Models
All models are Python dataclasses. They are frozen (immutable after creation) and use __slots__ for memory efficiency.
Review
A single app review, normalized to a common format across all stores and providers. Whether the review came from the App Store RSS feed or the Google Play Developer API, it has the same fields.
Fields
| Field | Type | Default | Description |
|---|---|---|---|
store |
"appstore" or "googleplay" |
Required | Which store the review came from. |
review_id |
str |
Required | A unique identifier for this review. |
canonical_key |
str |
Required | A key used for deduplication across providers. Format: {store}:{source_review_id}. |
app_id |
str |
Required | The app's ID (numeric for App Store, package name for Google Play). |
app_input |
str |
Required | The original input value you passed to the scraper. This preserves what you gave it, even if it was a URL that got resolved to an ID. |
country |
str |
Required | Two-letter country code (like "us", "gb", "de"). |
rating |
int |
Required | Star rating from 1 to 5. Validated on creation -- values outside this range raise ValueError. |
title |
str |
Required | The review's title.

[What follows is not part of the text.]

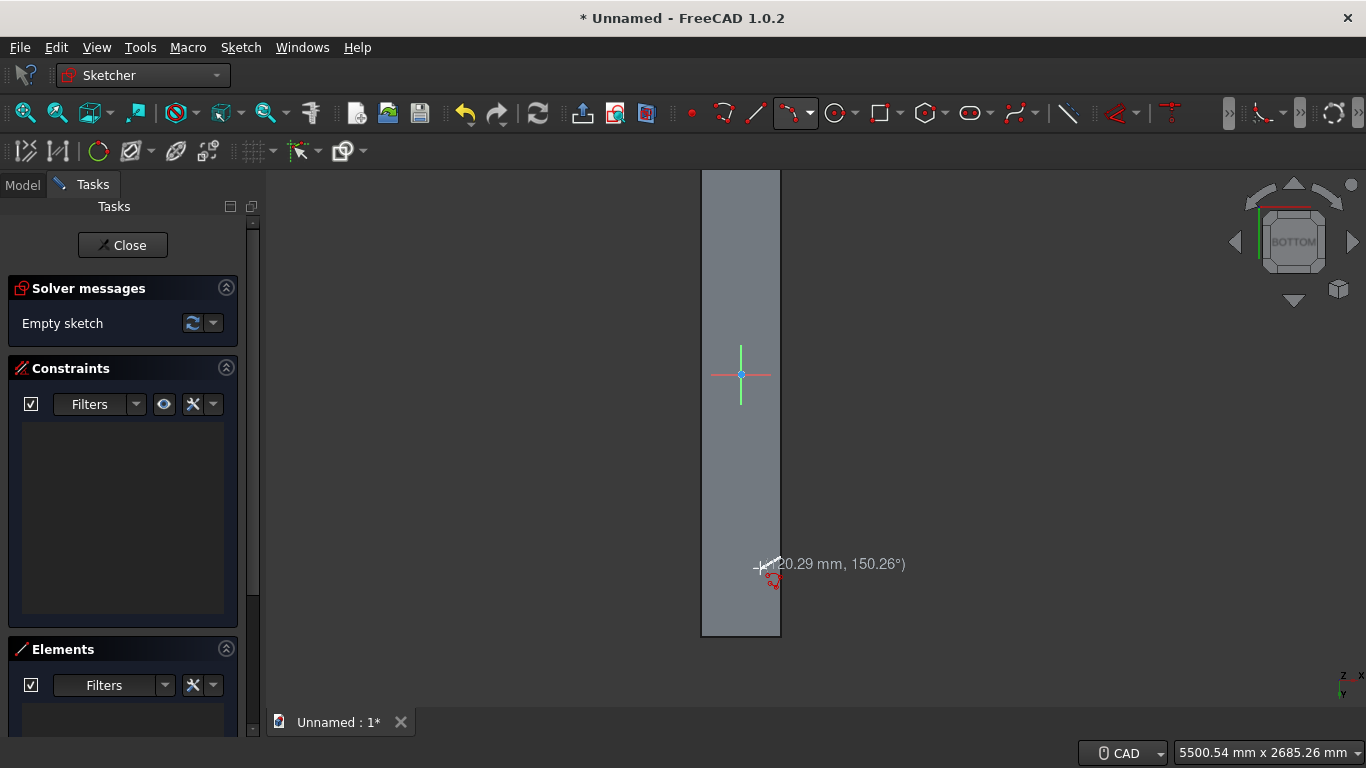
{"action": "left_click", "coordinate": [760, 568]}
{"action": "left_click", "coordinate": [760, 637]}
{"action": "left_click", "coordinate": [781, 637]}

May be empty for Google Play reviews (Google Play reviews do not have titles). |
body |
str |
Required | The review's body text. |
author_name |
str |
Required | The display name of the review author. |
created_at |
datetime |
Required | When the review was originally posted. |
source |
str |
Required | Which data source provided this review. One of: appstore_scraper, appstore_official, googleplay_scraper, googleplay_official. |
source_review_id |
str |
Required | The raw review ID as returned by the source. |
fetched_at |
datetime |
Required | When this review was fetched by the scraper. |
locale |
str or None |
None |
The locale of the review (like "en_US"), if available. |
language |
str or None |
None |
The language of the review (like "en"), if available. |
app_version |
str or None |
None |
The app version that was reviewed (like "2.1.0"), if available. Not all sources provide this. |
updated_at |
datetime or None |
None |
When the review was last edited, if it was edited. |
is_edited |
bool |
False |
True if the review has been edited by the author. |
source_payload |
dict or None |
None |
The raw response from the API for this review. Only populated when include_raw=True is used during export. |
FetchResult
The return value of scraper.fetch(). Contains everything from a fetch operation: the reviews, any failures, warnings, statistics, and checkpoint state.
Fields
| Field | Type | Default | Description |
|---|---|---|---|
reviews |
list[Review] |
[] |
The deduplicated list of reviews, sorted newest-first by default. |
failures |
list[FetchFailure] |
[] |
A list of fetch attempts that failed. Each failure records which app, country, and provider failed, and what the error was. |
warnings |
list[FetchWarning] |
[] |
A list of non-fatal issues that happened during the fetch. These do not stop the fetch but may indicate problems. |
stats |
FetchStats |
FetchStats() |
Summary statistics for the fetch operation. |
checkpoint |
dict[str, str] |
{} |
State for resuming an interrupted fetch. Can be passed back to continue where you left off. |
Note
A fetch can partially succeed. If 3 out of 5 countries succeed, result.reviews contains the reviews from those 3 countries, and result.failures contains the 2 that failed. Always check result.failures if you need to know whether everything succeeded.
FetchFailure
Records a single failed fetch attempt.
Fields
| Field | Type | Description |
|---|---|---|
app_id |
str |
The app ID that failed. |
country |
str |
The country code that failed. May be empty if the failure was not country-specific. |
provider |
str |
Which provider was being used when it failed. |
error |
str |
A description of what went wrong. |
timestamp |
datetime |
When the failure occurred. |
Factory Method
You can create a FetchFailure with an automatic timestamp:
failure = FetchFailure.create(
app_id="123456789",
provider="scraper",
error="HTTP 503 Service Unavailable",
country="de",
)
FetchWarning
A non-fatal issue encountered during a fetch. Warnings do not stop the fetch from completing.
Fields
| Field | Type | Default | Description |
|---|---|---|---|
message |
str |
Required | A description of the warning. |
context |
dict[str, str] |
{} |
Extra context about the warning (like which country or provider it relates to). |
FetchStats
Summary statistics for a fetch operation.
Fields
| Field | Type | Default | Description |
|---|---|---|---|
total_reviews |
int |
0 |
Total number of deduplicated reviews returned. |
total_countries |
int |
0 |
Number of countries that were fetched from. |
total_failures |
int |
0 |
Number of fetch attempts that failed. |
total_warnings |
int |
0 |
Number of warnings generated. |
duration_seconds |
float |
0.0 |
How long the entire fetch operation took, in seconds. |
AppMetadata
Metadata about an app, returned by lookup_metadata().
Fields
| Field | Type | Description |
|---|---|---|
app_id |
str |
The app's ID or package name. |
store |
"appstore" or "googleplay" |
Which store the app is on. |
name |
str |
The app's display name. |
developer |
str |
The developer or publisher name. |
category |
str |
The app's primary category. |
price |
str |
The app's price (like "Free" or "$4.99"). |
version |
str |
The current version number. |
rating |
float |
The average star rating. |
rating_count |
int |
The total number of ratings. |
url |
str |
The app's store page URL. |
Type Aliases
These literal types are used throughout the package for type safety:
| Type | Values | Description |
|---|---|---|
Store |
"appstore", "googleplay" |
Which store. |
Provider |
"auto", "scraper", "official" |
Which data source to use. |
Source |
"appstore_scraper", "appstore_official", "googleplay_scraper", "googleplay_official" |
Which data source a review actually came from. |